Let's cover some examples where you might see evidence that SpaCy and NLTK are different.

### **SpaCy and NLTK Tokenization**

In [4]:
##NLTK
import nltk
#if you need to, download the following if missing
nltk.download('stopwords')
nltk.download('punkt')
nltk.download('brown')

import string
from nltk.corpus import brown
from nltk.corpus import stopwords
from nltk.tokenize import word_tokenize

#accessing the stop words
stopwords_nltk = stopwords.words('english')

corpus = brown.words(categories=['hobbies'])
corpus = [''.join(c for c in word if c.isalpha()) for word in corpus]
corpus = [word for word in corpus if word !='']
corpus = " ".join(corpus)

#tokenized text
tokenized_corpus = word_tokenize(corpus)

# How many stop words in NLTK?
print("Number of Stopwords: ", len(stopwords_nltk))

print("Corpus words: ", len(corpus))
#removal of stopwords
nltk_without_stopwords = [word for word in corpus if not word in stopwords_nltk]
print("Corpus words (Stopwords removed): ", len(nltk_without_stopwords))

[nltk_data] Downloading package stopwords to /root/nltk_data...
[nltk_data]   Package stopwords is already up-to-date!
[nltk_data] Downloading package punkt to /root/nltk_data...
[nltk_data]   Package punkt is already up-to-date!
[nltk_data] Downloading package brown to /root/nltk_data...
[nltk_data]   Package brown is already up-to-date!


Number of Stopwords:  179
Corpus words:  414574
Corpus words (Stopwords removed):  258454


In [5]:
##SPACY
import spacy
from spacy.tokenizer import Tokenizer
from spacy.lang.en import English
from spacy.lang.en.stop_words import STOP_WORDS

nlp = English()
tokenizer = Tokenizer(nlp.vocab)
tokens_spacy = tokenizer(corpus)

stopwords_spacy = spacy.lang.en.STOP_WORDS
# How many stopwords in SpaCy?
print("Number of Stopwords: ", len(stopwords_spacy))

#removal of stopwords
spacy_without_stopwords= [word for word in corpus if not word in stopwords_spacy]
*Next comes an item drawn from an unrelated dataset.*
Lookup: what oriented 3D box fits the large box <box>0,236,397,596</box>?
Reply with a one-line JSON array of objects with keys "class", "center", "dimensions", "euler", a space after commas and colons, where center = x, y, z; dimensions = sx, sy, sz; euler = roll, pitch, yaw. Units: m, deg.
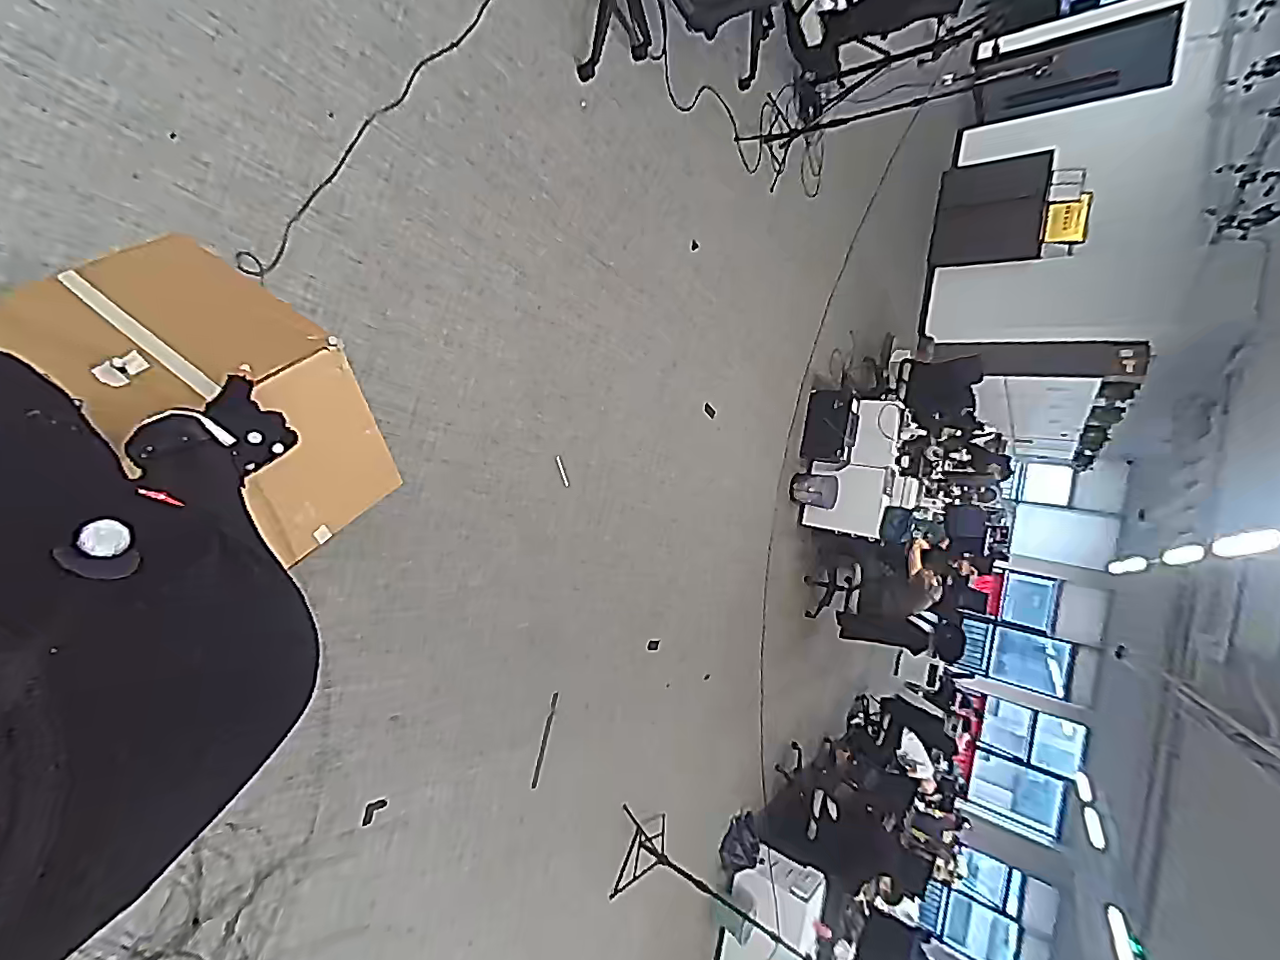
[{"class": "large box", "center": [-0.664, -0.101, 0.829], "dimensions": [0.320, 0.408, 0.320], "euler": [-47, 160, -30]}]

print("Corpus words (Stopwords removed): ", len(spacy_without_stopwords))

Number of Stopwords:  326
Corpus words (Stopwords removed):  363164


## **Lemmatization and POS tagging between NLTK and SpaCy**

In [14]:
text = 'Running is one of the gaits of terrestrial locomotion among legged animals'
nlp = spacy.load('en_core_web_sm')
doc = nlp(text)

for token in doc:
    print(token.text + "-->" + token.lemma_)

for token in doc:
    print(token.text + "-->" + token.pos_)

Running-->run
is-->be
one-->one
of-->of
the-->the
gaits-->gait
of-->of
terrestrial-->terrestrial
locomotion-->locomotion
among-->among
legged-->legged
animals-->animal
Running-->VERB
is-->AUX
one-->NUM
of-->ADP
the-->DET
gaits-->NOUN
of-->ADP
terrestrial-->ADJ
locomotion-->NOUN
among-->ADP
legged-->ADJ
animals-->NOUN


In [16]:
# Show the difference between lemmatization and stemming in NLTK
from nltk.tokenize import word_tokenize
from nltk.stem import WordNetLemmatizer

nltk.download('wordnet')

lemmatizer = WordNetLemmatizer()

tokens = word_tokenize(text)

nltk_lemmas = []

#for word in tokens:
#    nltk_lemmas.append(lemmatizer.lemmatize(word))
nltk_lemmas = [lemmatizer.lemmatize(word, pos='v') if word == 'is' else lemmatizer.lemmatize(word) for word in tokens]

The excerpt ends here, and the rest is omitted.